Essays from
Giving Ground

THE GARDEN IN WINTER

Every time we have a below zero night now, gardening catalogs bloom in the mailbox, gently insulated by IRS tax forms. It is an ignominious beginning.

I leaf through all that blooming clay paper, the luscious clusters of fruits and berries growing in zones always immediately south of us.

The pages of beetle-beaters, cage traps, bird netting, cat and dog and deer repellents, inflatable giant horned owls: I know too well how a garden "under protection" can look like a carnival site, with plastic pennants popping in the wind, balloons with great eyes swaying, soap tied to trees, wires, nets. It is an exhausting environment to contemplate.

I come back to the restful idea that the true test of a garden's beauty is how it looks in winter. This is the time of year when "traceries" - the good bones - show up. It's often in shades of green, grey, black and white - a touch of deep red where rose hips still cling, or red osier dogwood grows. All that simplicity of form and color is its charm, like a fine lithograph.

It takes a great deal of planning, imagining, leafing through catalogs, wringing of hands at greenhouses, digging, fencing, tying, pruning and mulching to achieve a landscape with good bones.

Each of us chooses a different winter look. Friends who burn off a field every year or two, to keep the brush at bay, want a long view. They love to catch a glimpse of a wild creature just at the edge of the clearing. When people or wild animals visit us here, they have to duck. I spend some considerable time deciding just which balsam fir could be taken out as a Christmas tree, without having any gap in the conifer swaddling around here! I like to be enclosed, cocooned, sheltered. But I like many heights of trees: a nursery of balsams, with here and there Balm of Gileads - "nurse trees" -  nannies to shelter the new growth. I love the three towering old spruce behind the house, and behind the New Cottage.
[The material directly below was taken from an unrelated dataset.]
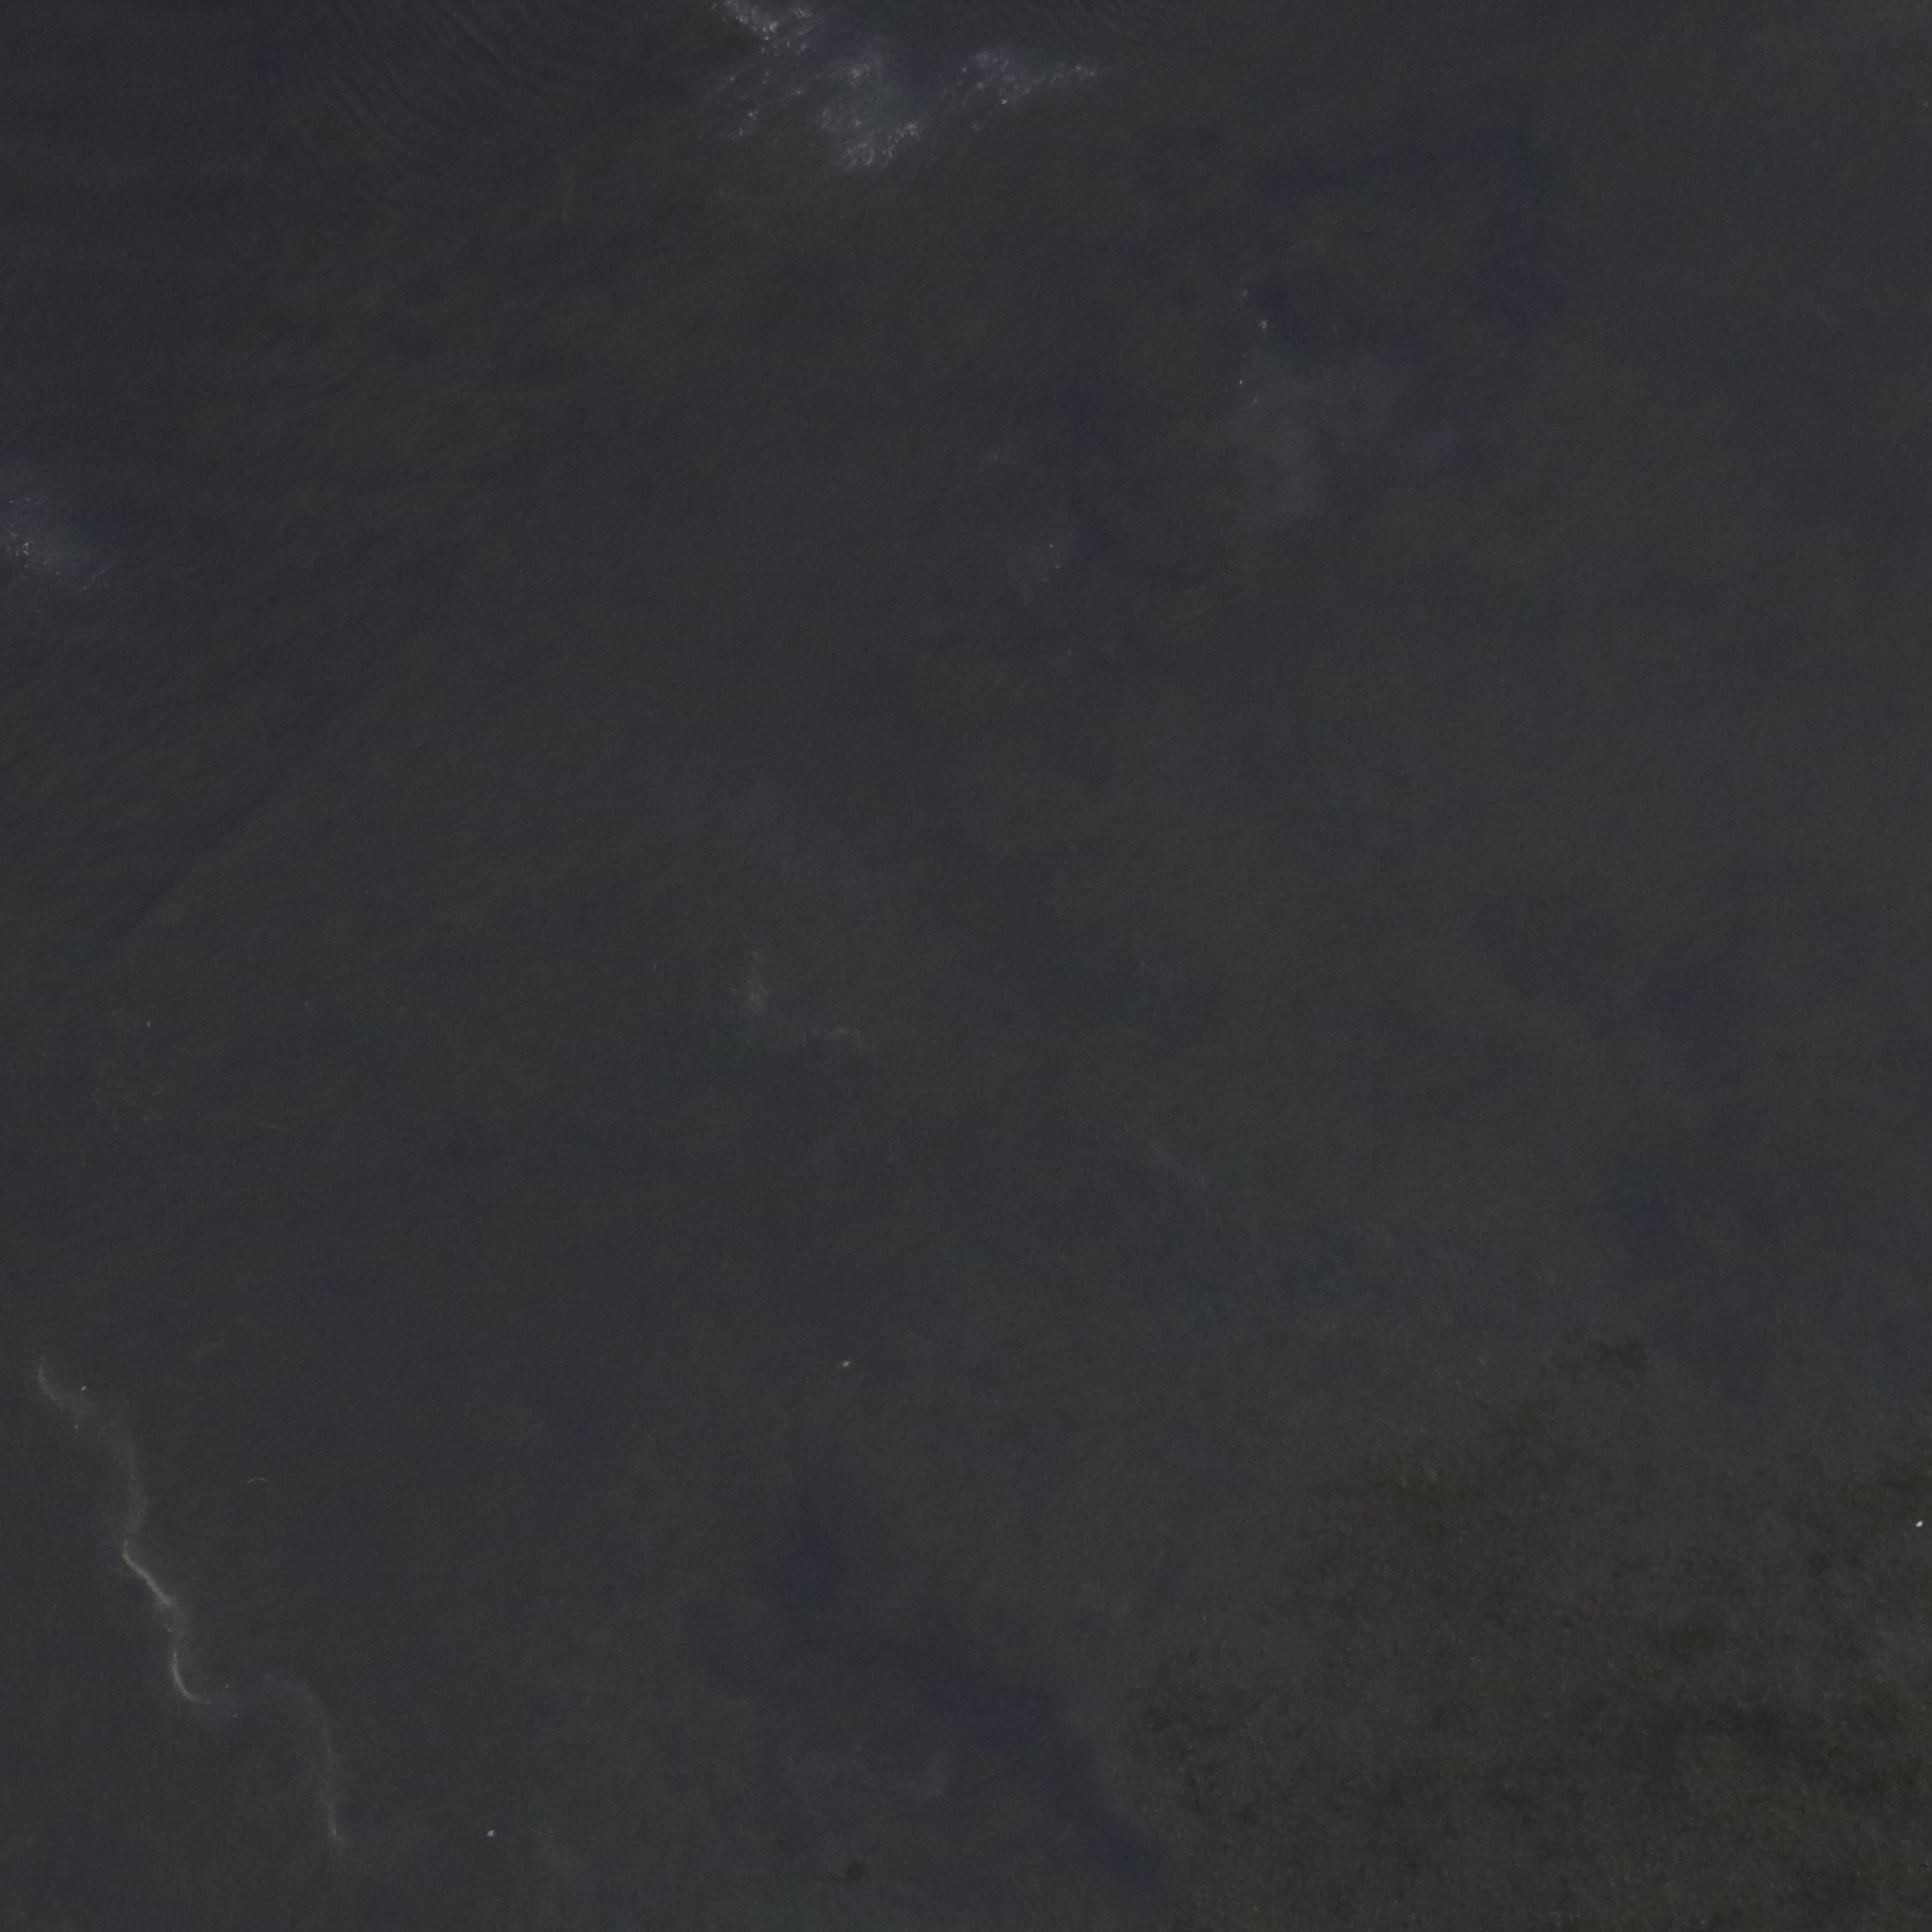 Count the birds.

0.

There are plants and flowers whose bones have to be mowed down every autumn, and these empty spaces are part of a winter garden as well:  restful places for the eyes, as well as for the roots.

We all have our own likes and dislikes of colors and shapes, too. As for myself, I don't like scarlet flowers here - no scarlet geraniums in summer, no scarlet poinsettias in winter. The reds here are burgundies and dark barn reds; the scarlets look too orange among them. I always choose the fuschia shades, and the dark cranberry colors.

I don't like the double-ruffled hybrids of summer, either. They remind me of the crinoline slips we all wore in the 1950's - just too cute for a near-wilderness setting.

Friends have a white garden - though not in this climate. I have been savoring the idea for a long time, but in this far-north gardening zone, would it be possible to always have two or three different whites in bloom, or would I be the only one who knew it was a white garden?!

Names of flowers help me make choices too.... freesia, portulaca, coreopsis.... these are wonderful words to include in a landscape family.

Fred found me a second-hand, hard-bound copy of Katharine S. White's "Onward and Upward in the Garden." She was the wife of E.B. White ("Charlotte's Web"), and E.B. White was half the team of Strunck and White, whose classic handbook on writing well is still in use in colleges all over the world. Katharine's chapter headings could be books by themselves:  "War in the Borders, Peace in the Shrubbery"; "Before the Frost"; "The Changing Rose, the Enduring Cabbage."

I will borrow from E. B. White's introduction of Katharine's book to describe what all of us gardeners are doing at 20 degrees below zero: "calmly plotting the resurrection."